Closed wulaoshi closed 10 months ago
Thanks for the kind words. In the equation you posted, the probability is the probability of the entire response sequence, conditioned on the input. The per-token logprobs need to be summed (along the sequence length dimension) to get the total log probability of the chosen/rejected sequences. The sum is implicit in the equation (i.e., the total log probabilities are the sum of the per-token log probabilities).
Feel free to re-open if this didn't answer your question!
Hi @eric-mitchell, Should the variable length of the chose/rejected sequences be taken into account in the loss? Any comments on this is highly appreciated.
Hi @eric-mitchell , In your formula (the image below), it seems that the log[π(y|x)] was calculate through .sum(-1) after logits.softmax(-1), then .log(). But in your codes (the image below), the log[π(y|x)] was calculate through .sum(-1) after logits.log_softmax(-1).

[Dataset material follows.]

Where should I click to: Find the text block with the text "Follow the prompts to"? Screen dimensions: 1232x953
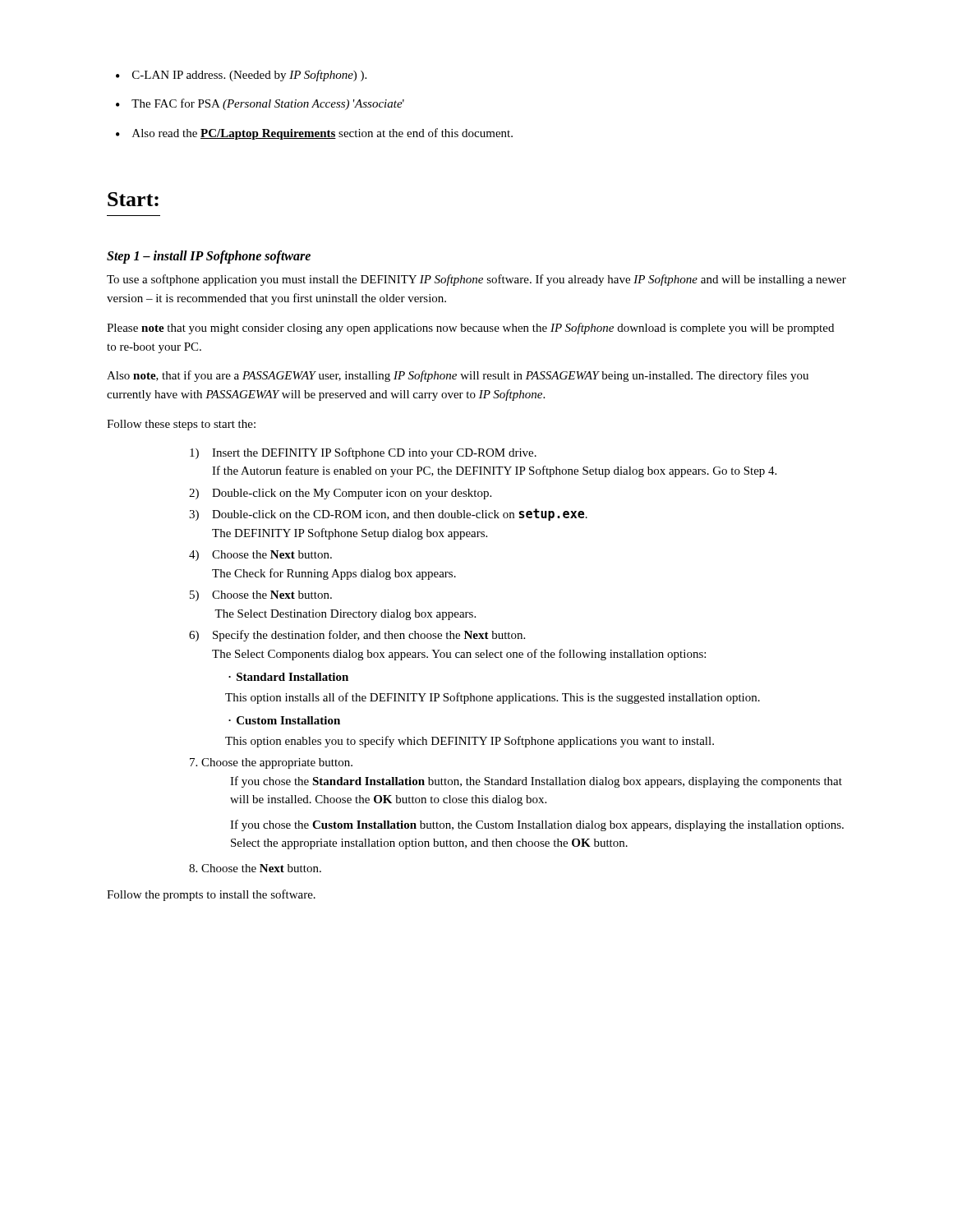point(211,895)

the two ways to calculate log[π(y|x)] seem different.Could you please tell me if they conflict each other?
First of all, I'd like to express my gratitude for the amazing work done by the author. While going through the DPO code, I came across a point of confusion: I understand that π(y|x) represents the probability distribution when the model generates a response, but in the code implementation, there's an additional sum(-1) operation. However, I don't see summation operation in the formula, as shown in the image below:
Could you please help me understand the logic behind this implementation? Thank you!